Las razones de un detective
A diferencia de otros niños de mi edad, cuando cumplí catorce años el tabaco y el alcohol no constituían ningún secreto para mí. Desde la ventana de mi habitación miraba a los niños como jugaban en el solar de abajo, mientras me fumaba cada tarde casi un paquete de Ducados. Digo casi porque el resto de pitillos me los acababa de fumar por la noche, intentando ver a la madre de mi vecina Clara desnuda en su cuarto de baño.

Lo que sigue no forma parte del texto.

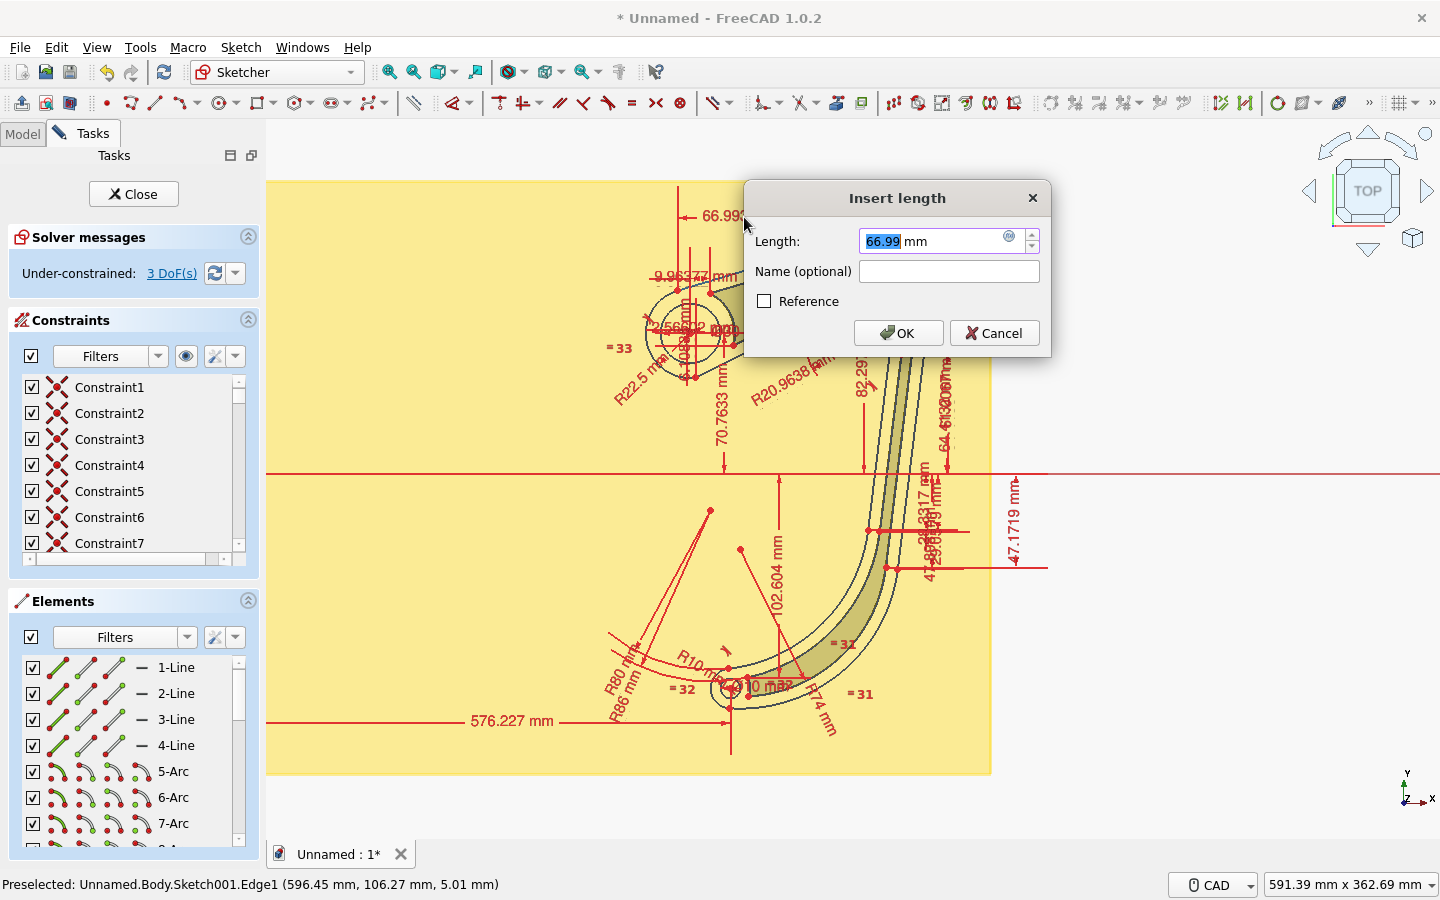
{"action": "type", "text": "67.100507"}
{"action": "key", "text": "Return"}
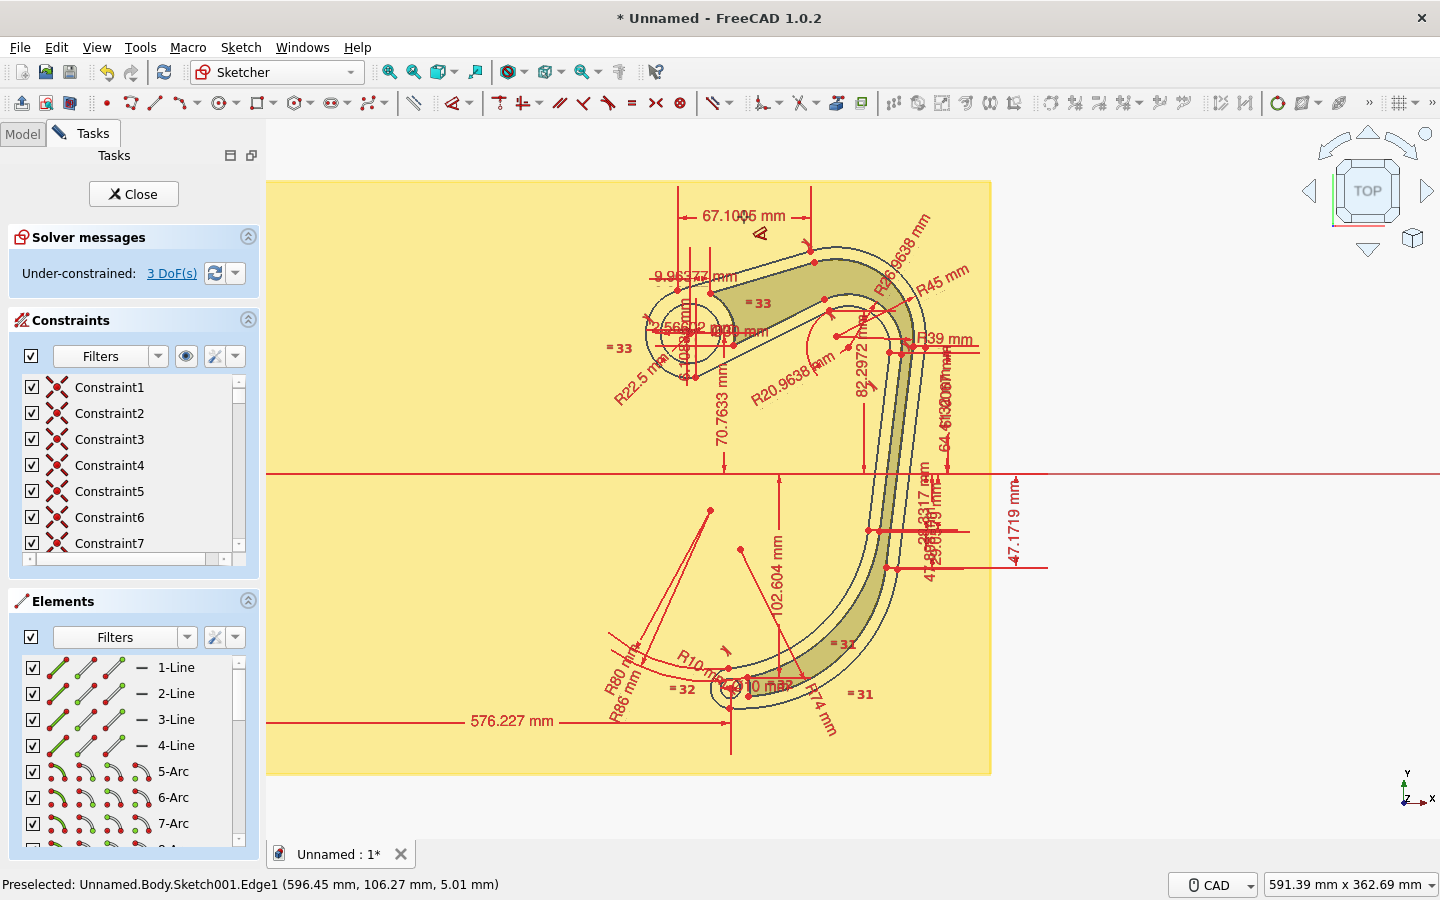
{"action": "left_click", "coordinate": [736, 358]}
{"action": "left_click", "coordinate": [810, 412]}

Para verla bien de verdad cogía los prismáticos de caza que le regalaron a mi padre en navidad, y que él no había usado en su vida. Ahora los utilizaba yo para verle el coño peludo a la madre de Clara, que de por sí se veía bastante bien desde mi habitación sin la ayuda de las lentes, pero al verlo con ese aumento tenía la sensación de que casi podía hundir mi cara en él. Mi viejo ni siquiera había advertido que los prismáticos habían desaparecido del segundo cajón de su armario.
La madre de Clara me excitaba muchísimo, y en general, se me ponía dura pensando en las mamás de las niñas de mi clase. Las de mi edad no me despertaban ningún tipo de interés. De hecho, cada vez tenía el mayor convencimiento de que jamás lograrían estar tan buenas como sus madres, era incapaz de imaginármelas como las Diosas del Sexo en potencia que podían llegar a ser.
A Clara le había intentado meter el dedo varías veces en el baño durante el recreo. La muy golfa me decía que le dolía: "Ay, Jacques, para, me escuece...", cuando todo el mundo sabía que se metía bolis por ahí con su amiga Marta en los lavabos del gimnasio. Y sin embargo decía que mis dedos le dolían. Estaba seguro de que si lo hiciera con su madre no le dolería, y que tras meterle los dedos durante un rato me pediría que le metiera alguna otra cosa más contundente... como mi poya de adolescente de 14 años, por ejemplo. Casi cada noche me hacia una paja imaginando esa escena, y por las mañanas intentaba dar caza a la tortillera de su hija entre clase y clase.
Pero siempre se me escurría. Constantemente.